2
votes

I am planning to use nifi to ingest data from more than 10,000 sensors. There are 50-100 types of sensors which will send a specific metric to nifi.

I am pondering over whether I should assign 1 port number to listen to all the sensors or I should assign 1 port for each type of sensor to facilitate my data pipeline. which is the better option?

Is there a upper limit of the no of ports which I can "listen" using nifi?

2

2 Answers

2
votes

@ilovetolearn

NiFi is such a powerful tool. You can do either of your ideas, but I would recommend to do what is easier for you. If you have data source sensors that need different data flows, use different ports. However, if you can fire everything at a single port, I would do this. This makes it easier to implement, consistent, easier to support later, and easier to scale.

In large scale highly available NiFi, you may want a Load Balancer to handle the inbound data. This would push the sensor data toward a single host:port on the LB appliance, that then directs to NiFi with 3-5-10+ nodes.

1
votes

I agree with the other answer that once scaling comes into play, an external load balancer in front of NiFi would be helpful.

In regards to the flow design, I would suggest using a single exposed port to ingest all the data, and then use RouteOnAttribute or RouteOnContent processors to direct specific sensor inputs into different flow segments.

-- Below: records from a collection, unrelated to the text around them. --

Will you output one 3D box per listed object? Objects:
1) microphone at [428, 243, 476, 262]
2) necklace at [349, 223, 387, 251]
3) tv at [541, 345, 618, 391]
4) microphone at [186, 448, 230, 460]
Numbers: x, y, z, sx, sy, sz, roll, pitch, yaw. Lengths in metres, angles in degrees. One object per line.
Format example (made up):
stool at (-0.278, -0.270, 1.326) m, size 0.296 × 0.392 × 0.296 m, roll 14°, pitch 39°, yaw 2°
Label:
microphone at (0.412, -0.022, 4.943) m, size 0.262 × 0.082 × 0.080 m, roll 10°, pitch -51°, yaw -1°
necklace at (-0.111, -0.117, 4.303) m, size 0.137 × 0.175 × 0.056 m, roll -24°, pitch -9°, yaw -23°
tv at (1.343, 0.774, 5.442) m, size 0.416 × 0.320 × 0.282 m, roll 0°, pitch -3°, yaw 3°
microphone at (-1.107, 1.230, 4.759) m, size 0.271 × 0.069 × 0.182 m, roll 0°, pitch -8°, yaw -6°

One of the strengths of NiFi is the generic nature of flows given sufficient parameterization, so taking advantage of flowfile attributes to handle different data types dynamically scales and performs better than duplicating a lot of flow segments to statically handle slightly differing data.

The performance overhead to run multiple ingestion ports vs. a single port and routed flowfiles is substantial, so this will give you a large performance improvement. You can also organize your flow segments into hierarchical nested groups using the Process Group features, to keep different flow segments cleanly organized and enforce access controls as well.

2020-06-02 Edit to answer questions in comments

Yes, you would have a lot of relationships coming out of the initial RouteOnAttribute processor at the ingestion port. However, you can segment these (route all flowfiles with X attribute in "family" X here, Y here, etc.) and send each to a different process group which encapsulates more specific logic.

Think of it like a physical network: at a large organization, you don't buy 1000 external network connections and hook each individual user's machine directly to the internet. Instead, you obtain one (plus redundancy/backup) large connection to the internet and use a router internally to direct the traffic to the appropriate endpoint. This has management benefits as well as cost, scalability, etc.

The overhead of multiple ingestion ports is that you have additional network requirements (S2S is very efficient when communicating, but there is overhead on a connection basis), multiple ports to be opened and monitored, and CPU to schedule & run each port's ingestion logic.

I've observed this pattern in practice at scale in multinational commercial and government organizations, and the performance improvement was significant when switching to a "single port; route flowfiles" pattern vs. "input port per flow" design. It is possible to accomplish what you want with either design, but I think this will be much more performant and easier to build & maintain.